834. Sum of Distances in Tree

Problem Link

Description

---

There is an undirected connected tree with n nodes labeled from 0 to n - 1 and n - 1 edges.

You are given the integer n and the array edges where edges[i] = [ai, bi] indicates that there is an edge between nodes ai and bi in the tree.

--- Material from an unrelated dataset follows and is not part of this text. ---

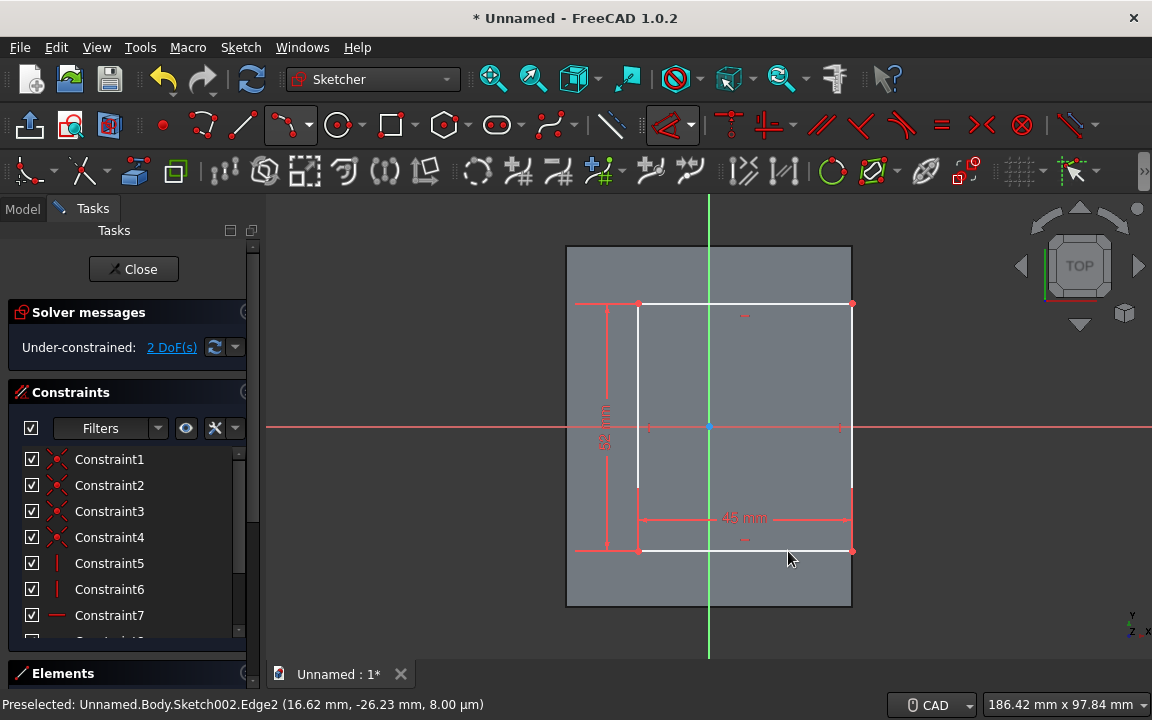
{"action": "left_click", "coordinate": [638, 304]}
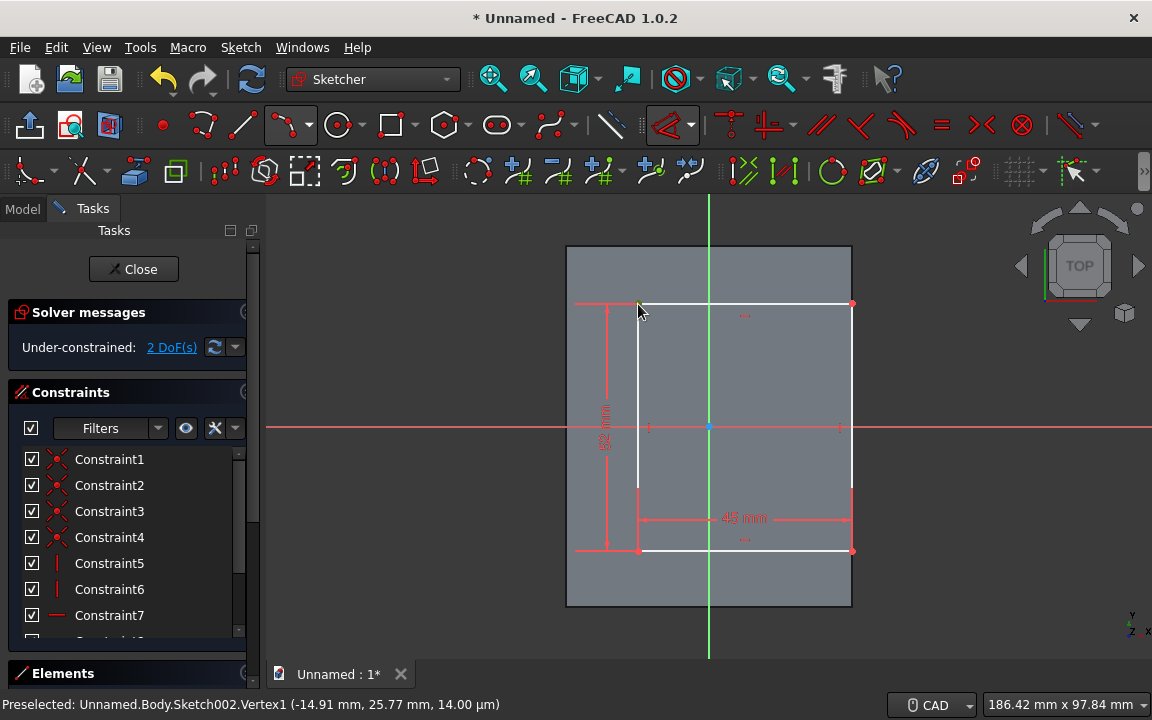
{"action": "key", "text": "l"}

Return an array answer of length n where answer[i] is the sum of the distances between the ith node in the tree and all other nodes.

 

Example 1:

Input: n = 6, edges = [[0,1],[0,2],[2,3],[2,4],[2,5]]
Output: [8,12,6,10,10,10]
Explanation: The tree is shown above.
We can see that dist(0,1) + dist(0,2) + dist(0,3) + dist(0,4) + dist(0,5)
equals 1 + 1 + 2 + 2 + 2 = 8.
Hence, answer[0] = 8, and so on.

Example 2:

Input: n = 1, edges = []
Output: [0]

Example 3:

Input: n = 2, edges = [[1,0]]
Output: [1,1]

 

Constraints:

• 1 <= n <= 3 * 104
• edges.length == n - 1
• edges[i].length == 2
• 0 <= ai, bi < n
• ai != bi
• The given input represents a valid tree.

Solution

---

Python3

class Solution:
    def sumOfDistancesInTree(self, n: int, edges: List[List[int]]) -> List[int]:
        graph = defaultdict(list)
 
        for a, b in edges:
            graph[a].append(b)
            graph[b].append(a)
        
        count = [0] * n
        res = [0] * n
 
        def dfs(node, prev):
            for adj in graph[node]:
                if adj == prev: continue
 
                dfs(adj, node)
                count[node] += count[adj]
                res[node] += res[adj] + count[adj]
            
            count[node] += 1
        
        def dfs2(node, prev):
            for adj in graph[node]:
                if adj == prev: continue
                # closer -> count[adj] gets 1 closer to the root
                # further -> n - count[adj] gets 1 further to the root
                res[adj] = res[node] - count[adj] + n - count[adj]
                dfs2(adj, node)
 
        
        dfs(0, -1)
        dfs2(0, -1)
 
        return res